As the 1972 season wound down, Oaks general manager John Claiborne approached Lachemann about a job managing in the A’s system. Still hoping for a ticket to “The Show,” Lachemann initially turned the offer down. That’s when Iowa manager Sherm Lollar suggested that the give the opportunity a second thought.

“If I was you, Lollar supposedly said, I’d take a look around the clubhouse and reconsider,” wrote Tracy Ringolsby.8

Lachemann looked around and saw that there were plenty of players in the clubhouse younger than he was. It was clear that he wouldn’t return to the majors and that at 27 he was an old man. “I knew when the pink slips came out next spring, the older guys would get them,” he said.9

Lachemann took Claiborne up on his offer and took the helm in Burlington in 1973 on his climb back up the minor-league ladder. He managed for three years at Class A, attaining only one winning season, when his Burlington Bees went 61-59 in 1974. He had his second, and last, winning season as a manager – at any level – in 1976 when he guided the Chattanooga Lookouts of the Double-A Southern League to a 70-68 mark, winning the league’s Manager of the Year Award.10

That honor helped Lachemann garner a promotion for 1977 to Triple-A with the PCL’s San Jose Missions, who that year were still affiliated with the A’s. The Missions finished with a 64-80 record, but the Seattle Mariners chose to keep Lachemann as skipper when they took over the club in 1978. He stayed when the club switched its Triple-A affiliation to the Spokane Indians for 1979-80, having turned down an offer from A’s owner Charlie Finley to manage the big-league club when Finley wouldn’t give him sole authority over making out the daily lineup card.

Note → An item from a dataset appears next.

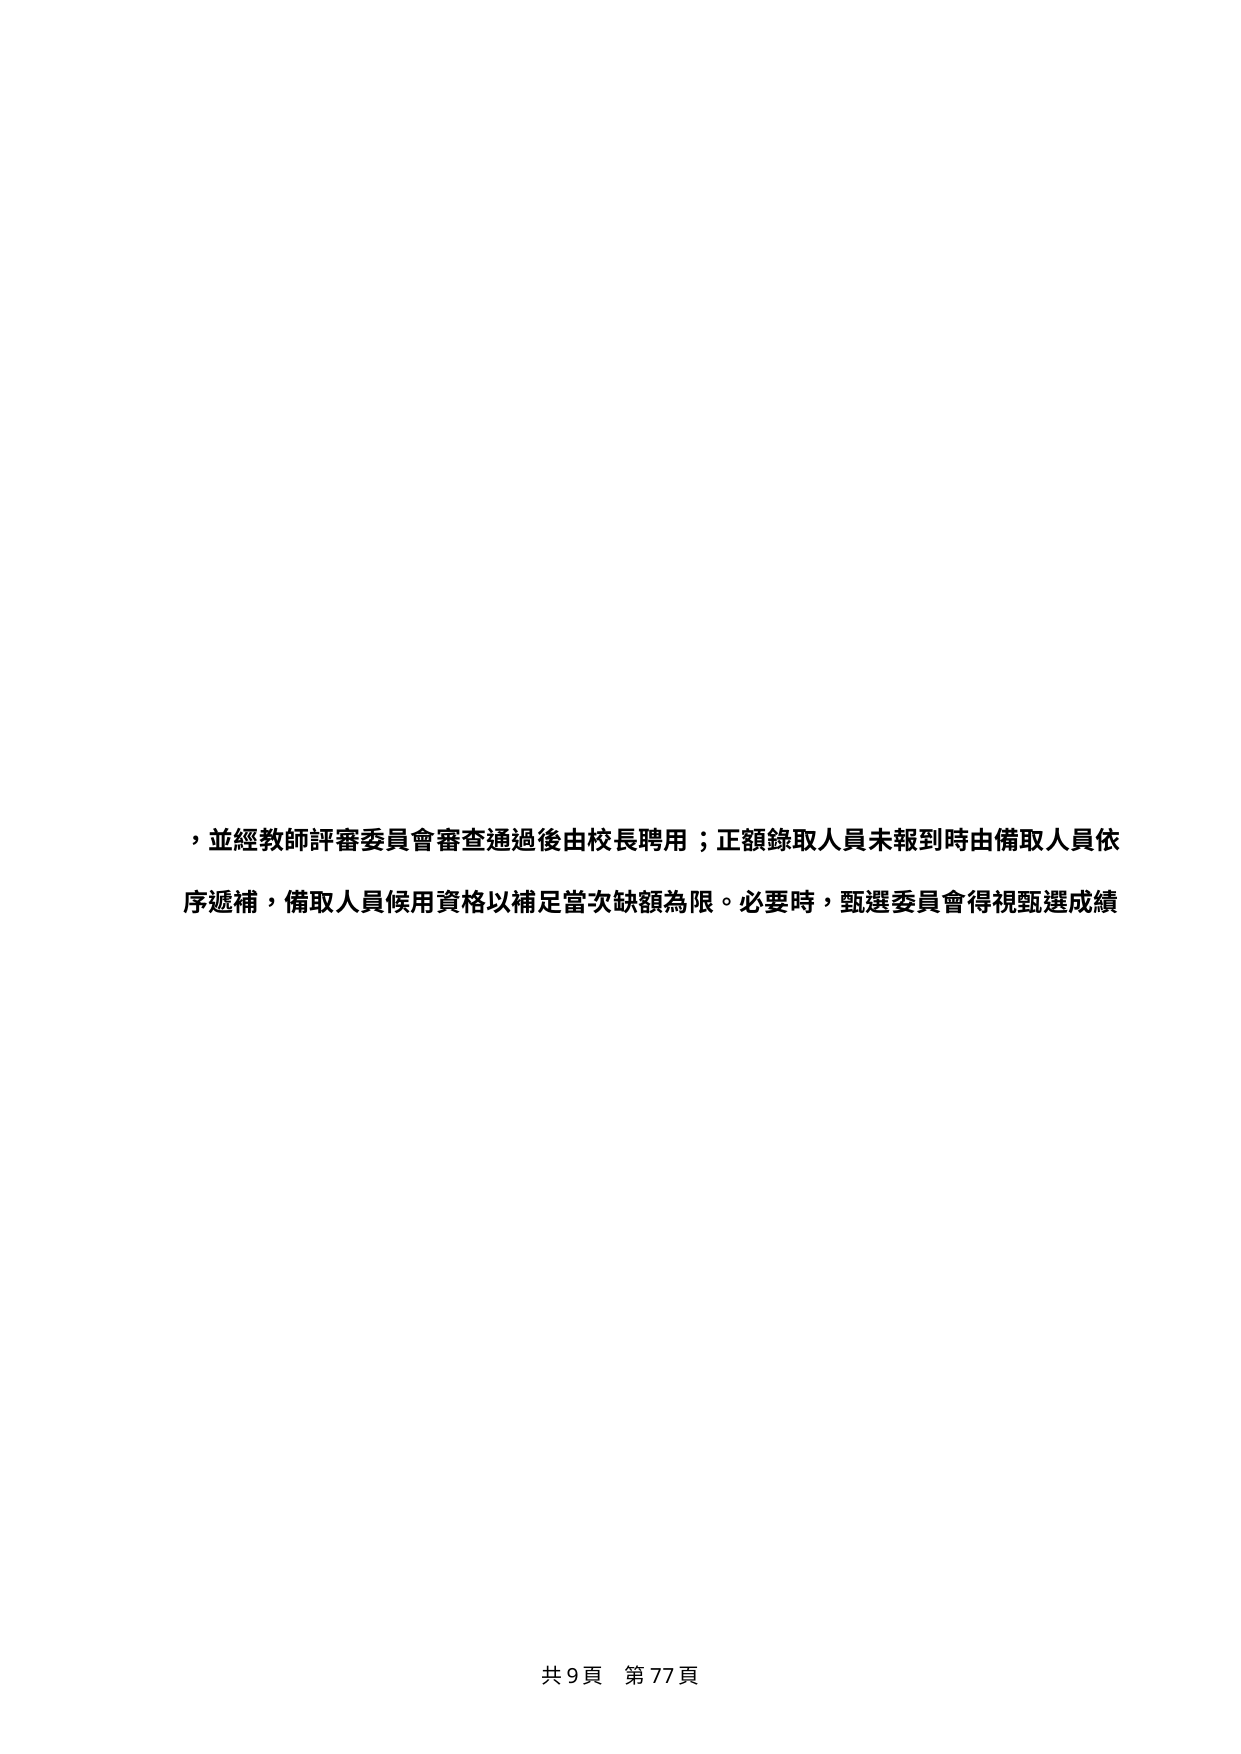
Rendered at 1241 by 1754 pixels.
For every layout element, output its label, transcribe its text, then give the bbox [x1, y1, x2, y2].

text ，並經教師評審委員會審查通過後由校長聘用；正額錄取人員未報到時由備取人員依序遞補，備取人員候用資格以補足當次缺額為限。必要時，甄選委員會得視甄選成績 [118, 797, 1122, 922]

The Mariners were entering their fifth season of existence when the 1981 season opened. They hadn’t come anywhere close to the .500 mark in any of their previous four years, which is understandable in a new team, but they weren’t getting any better. They went 59-103 in 1980, and had got off to an abysmal 6-18 start in 1981 under manager Maury Wills. Management decided that with this Wills there was no way, so they fired him on May 6 and brought in Lachemann. Lachemann was deemed an “interim” manager, but responded to a reporter’s query that the title didn’t bother him. “Interim?” he said. “I feel any manager in the big leagues is that way. If you don’t do the job, you’re gone.”11

The team initially responded well to the change, winning Lachemann’s debut game 12-1 over Milwaukee, which started a modest four-game winning streak. They followed this up with a four-game losing skid on their way to a 44-65 combined record in the strike-shortened season. By Mariners standards that was pretty good, as was Lachemann’s 38-47 mark. After the season, the team told him he could erase the “interim” from his business cards by signing him to a one-year contract for 1982 with options for two more years. Mariners players, who liked having him as their boss, welcomed the news.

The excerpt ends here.